Advanced Centre of Research in High Energy Materials, University of Hyderabad, Prof. C. R. Rao Road, Gachibowli, Hyderabad 500 046, Andhra Pradesh, India.
J Chem Phys. 2013 May 7;138(17):174701. doi: 10.1063/1.4802722.
High pressure behavior of potassium chlorate (KClO3) has been investigated from 0 to 10 GPa by means of first principles density functional theory calculations. The calculated ground state parameters, transition pressure, and phonon frequencies using semiempirical dispersion correction scheme are in excellent agreement with experiment. It is found that KClO3 undergoes a pressure induced first order phase transition with an associated volume collapse of 6.4% from monoclinic (P2(1)/m) → rhombohedral (R3m) structure at 2.26 GPa, which is in good accord with experimental observation. However, the transition pressure was found to underestimate (0.11 GPa) and overestimate (3.57 GPa) using local density approximation and generalized gradient approximation functionals, respectively. Mechanical stability of both the phases is explained from the calculated single crystal elastic constants. In addition, the zone center phonon frequencies have been calculated using density functional perturbation theory at ambient as well as at high pressure and the lattice modes are found to soften under pressure between 0.6 and 1.2 GPa. The present study reveals that the observed structural phase transition leads to changes in the decomposition mechanism of KClO3 which corroborates with the experimental results.
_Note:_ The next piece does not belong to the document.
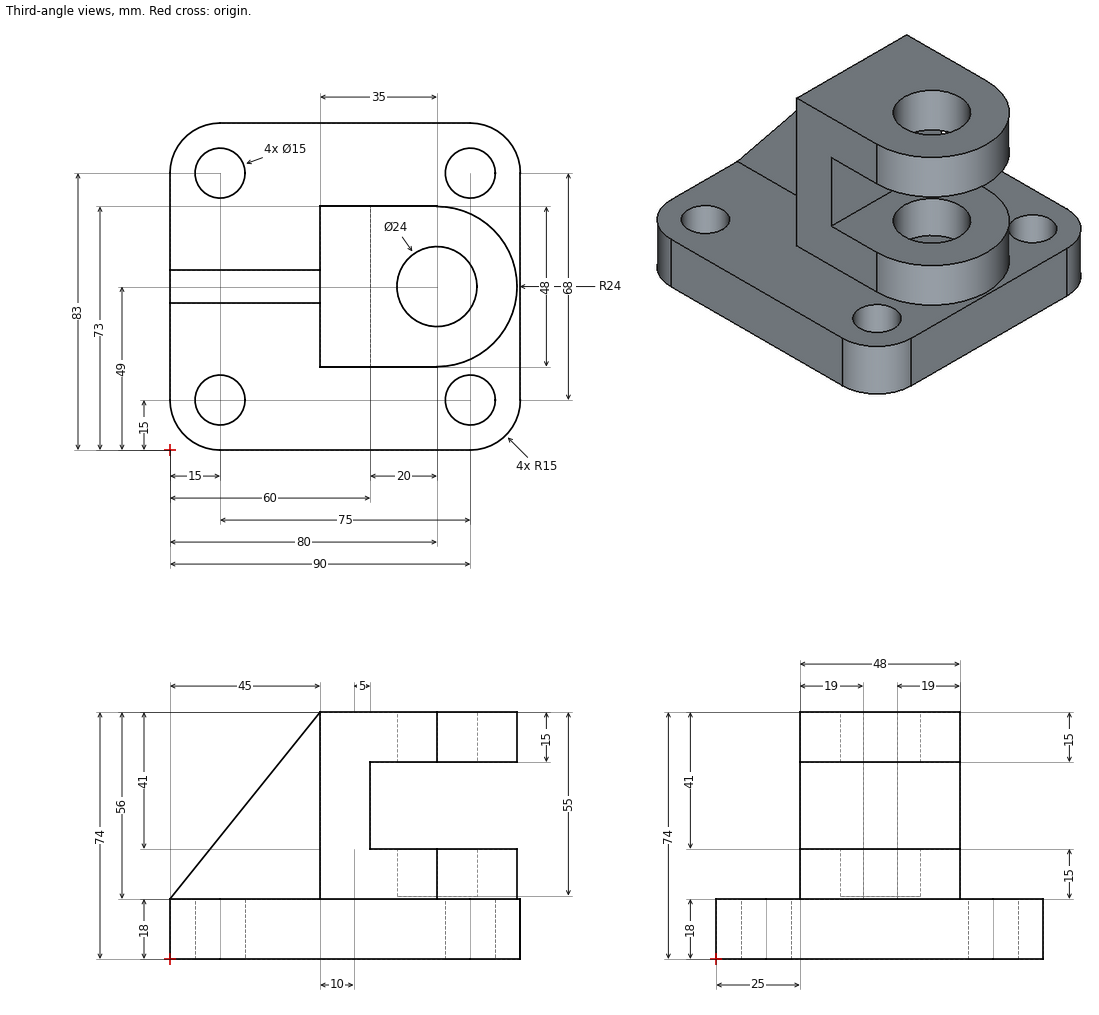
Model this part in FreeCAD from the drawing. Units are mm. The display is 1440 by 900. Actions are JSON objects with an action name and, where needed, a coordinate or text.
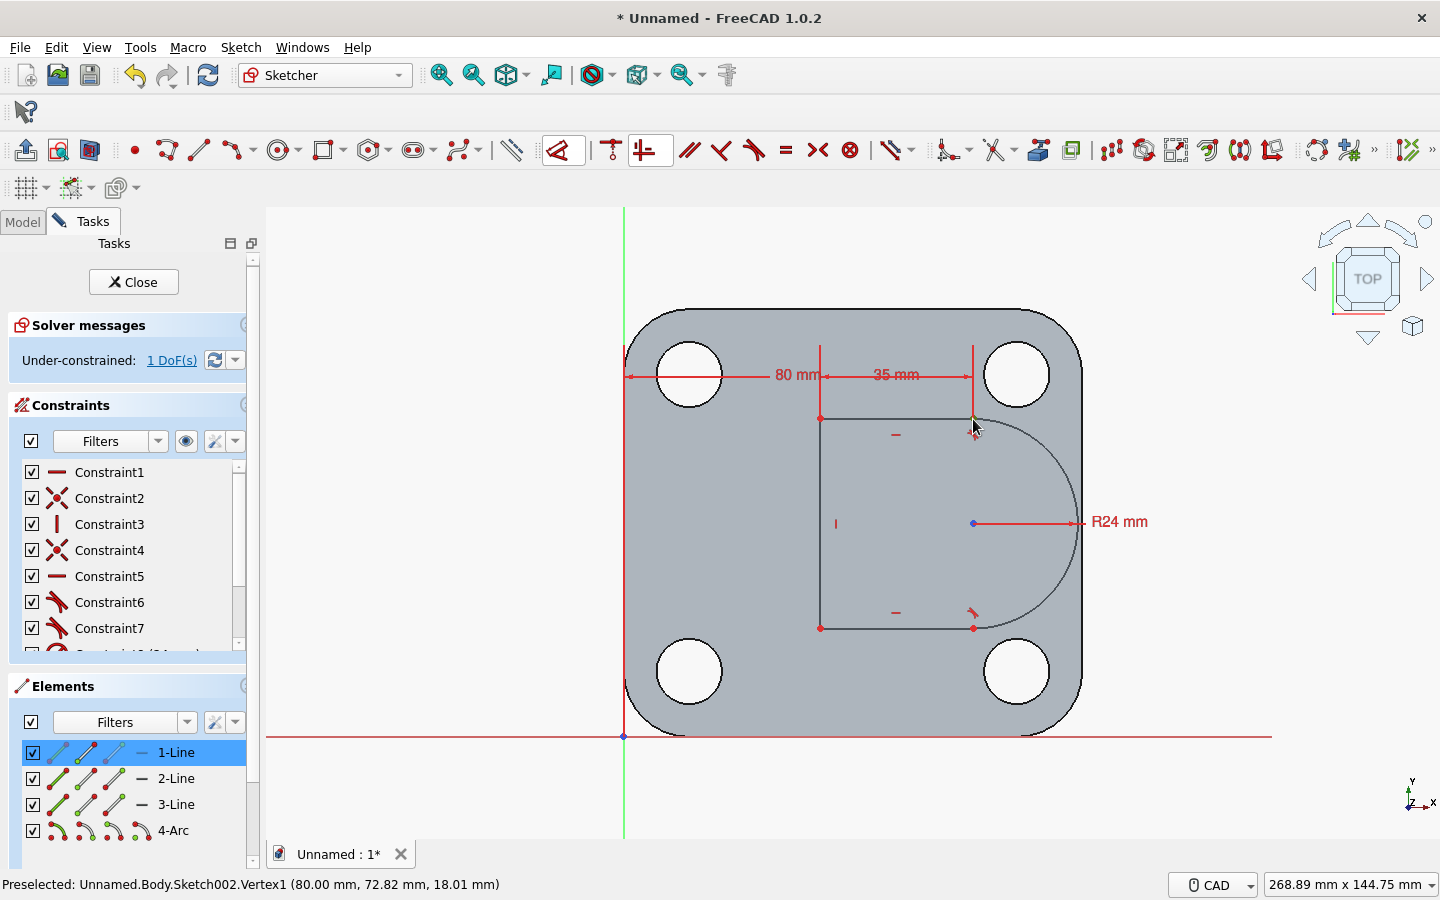
{"action": "key", "text": "i"}

采用第一性原理密度泛函理论计算研究了氯酸钾(KClO3)在 0 至 10 GPa 范围内的高压行为。用半经验色散校正方案计算得到的基态参数、转变压力和声子频率与实验结果非常吻合。研究发现,KClO3 在 2.26 GPa 时经历了由单斜(P2(1)/m)→三方(R3m)结构的一级压力诱导相变,伴随着 6.4%的体积收缩,这与实验观察结果一致。然而,用局域密度近似和广义梯度近似泛函分别计算得到的相变压力低估(0.11 GPa)和高估(3.57 GPa)。用计算得到的单晶弹性常数解释了两个相的力学稳定性。此外,在环境压力和高压下,使用密度泛函微扰理论计算了晶心声子频率,发现晶格模式在 0.6 至 1.2 GPa 之间的压力下软化。本研究表明,观察到的结构相变导致 KClO3 分解机制发生变化,这与实验结果相符。